Despite having a rough year, I still managed to pass all my courses. I am very proud of that. I just saw a paper that I got 17% on since every single one of my papers was late this year. This should teach me not to be late with papers. 

I got 1 63, 71 and 76 and in one class an 87. Cheers! This is a good day. It's not the mark that I got. 

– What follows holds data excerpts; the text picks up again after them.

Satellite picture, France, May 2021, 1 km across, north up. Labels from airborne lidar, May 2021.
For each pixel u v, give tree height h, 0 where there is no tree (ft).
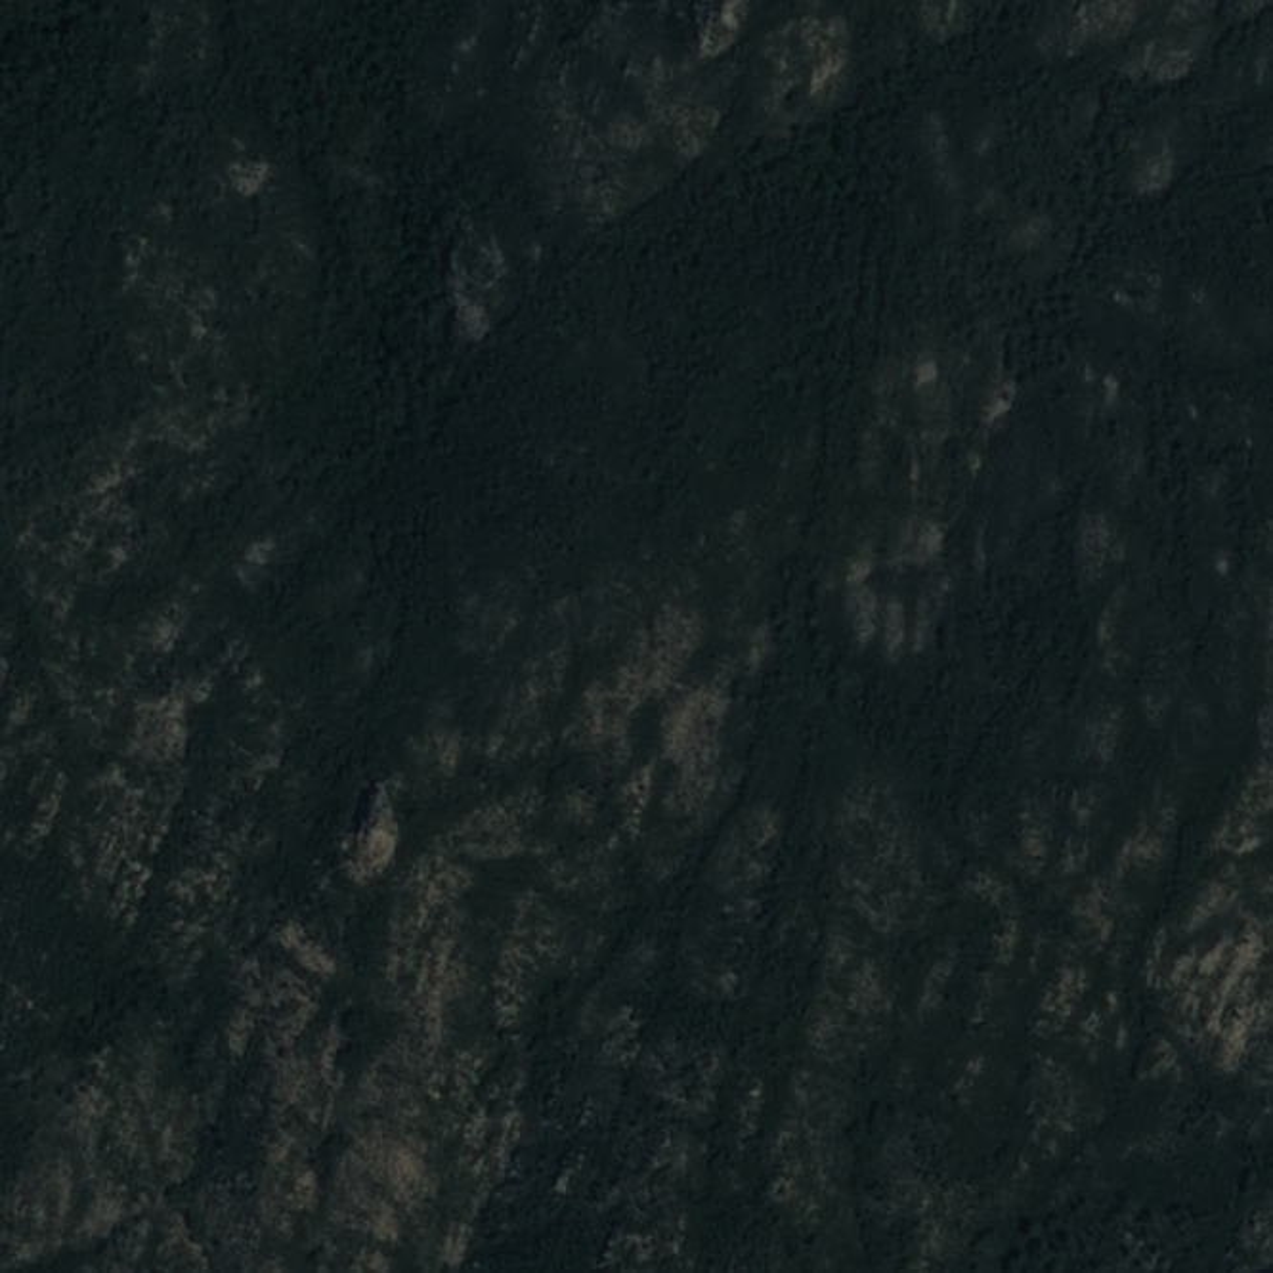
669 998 31
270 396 31
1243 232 37
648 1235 23
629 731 0
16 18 58
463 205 56
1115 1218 41
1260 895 0
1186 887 38
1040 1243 65
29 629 35
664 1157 32
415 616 44
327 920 20
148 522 42
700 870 26
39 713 26
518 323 38
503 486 46
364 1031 43
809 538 34
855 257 49
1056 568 21
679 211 61
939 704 44
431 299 40
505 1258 29
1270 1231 0
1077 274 57
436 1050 0
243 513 34
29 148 23
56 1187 0
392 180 28
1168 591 29
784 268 33
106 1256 43
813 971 31
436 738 0
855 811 0
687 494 27
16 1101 17
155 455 44
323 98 83
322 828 31
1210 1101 22
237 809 28
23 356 30
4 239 51
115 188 49
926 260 37
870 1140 48
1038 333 52
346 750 27
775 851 31
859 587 0
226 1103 24
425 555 28
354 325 31
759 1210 29
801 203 22
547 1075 34
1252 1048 0
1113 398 0
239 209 20
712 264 51
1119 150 44
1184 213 31
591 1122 23
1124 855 0
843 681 43
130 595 29
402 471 56
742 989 34
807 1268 45
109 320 32
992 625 46
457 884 0
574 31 41
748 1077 20
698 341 44
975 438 28
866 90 63
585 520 24
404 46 60
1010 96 38
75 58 38
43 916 29
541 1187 28
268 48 57
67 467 42
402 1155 0
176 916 28
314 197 18
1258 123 31
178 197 26
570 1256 24
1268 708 0
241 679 22
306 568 36
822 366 42
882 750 38
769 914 33
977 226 28
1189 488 27
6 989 33
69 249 37
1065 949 0
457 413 55
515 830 0
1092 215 38
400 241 27
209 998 32
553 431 42
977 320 56
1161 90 33
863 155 53
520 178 22
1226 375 31
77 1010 31
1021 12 40
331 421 31
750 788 33
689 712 0
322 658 24
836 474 31
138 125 32
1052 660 29
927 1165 22
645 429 30
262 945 41
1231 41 57
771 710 33
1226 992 0
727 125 42
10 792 20
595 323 27
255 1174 38
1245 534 27
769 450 26
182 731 0
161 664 25
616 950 30
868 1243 32
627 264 40
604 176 24
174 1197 84
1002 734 45

I'm proud because I had to go through a lot of depression and a lot of obstacles. This means that if I did this that even though it's really difficult for me, I can do it.


----------



## solasum (Nov 17, 2008)

Great job! How many more semesters until you get your degree?


----------



## SAgirl (Nov 15, 2003)

Three more years of school.


----------



## kenny87 (Feb 22, 2009)

I got three B's and one A, and the A was in math of all classes, the one class I never did homework in and had no clue how to do half of it, must be smarter than I though. B's in English 102, anthropology, and art.


----------



## lyssado707 (Oct 29, 2004)

Congrats!!!:clap


----------



## dawntoearth (May 12, 2009)

good job SAgirl!


----------



## Beryl (Jan 9, 2007)

I hope I pass all mine also, just waiting on one more class. This teacher is just taking so long to post the grades for the last few assignments.


----------



## Globe_Trekker (Jan 29, 2009)

This is really good! You can do it! :clap


----------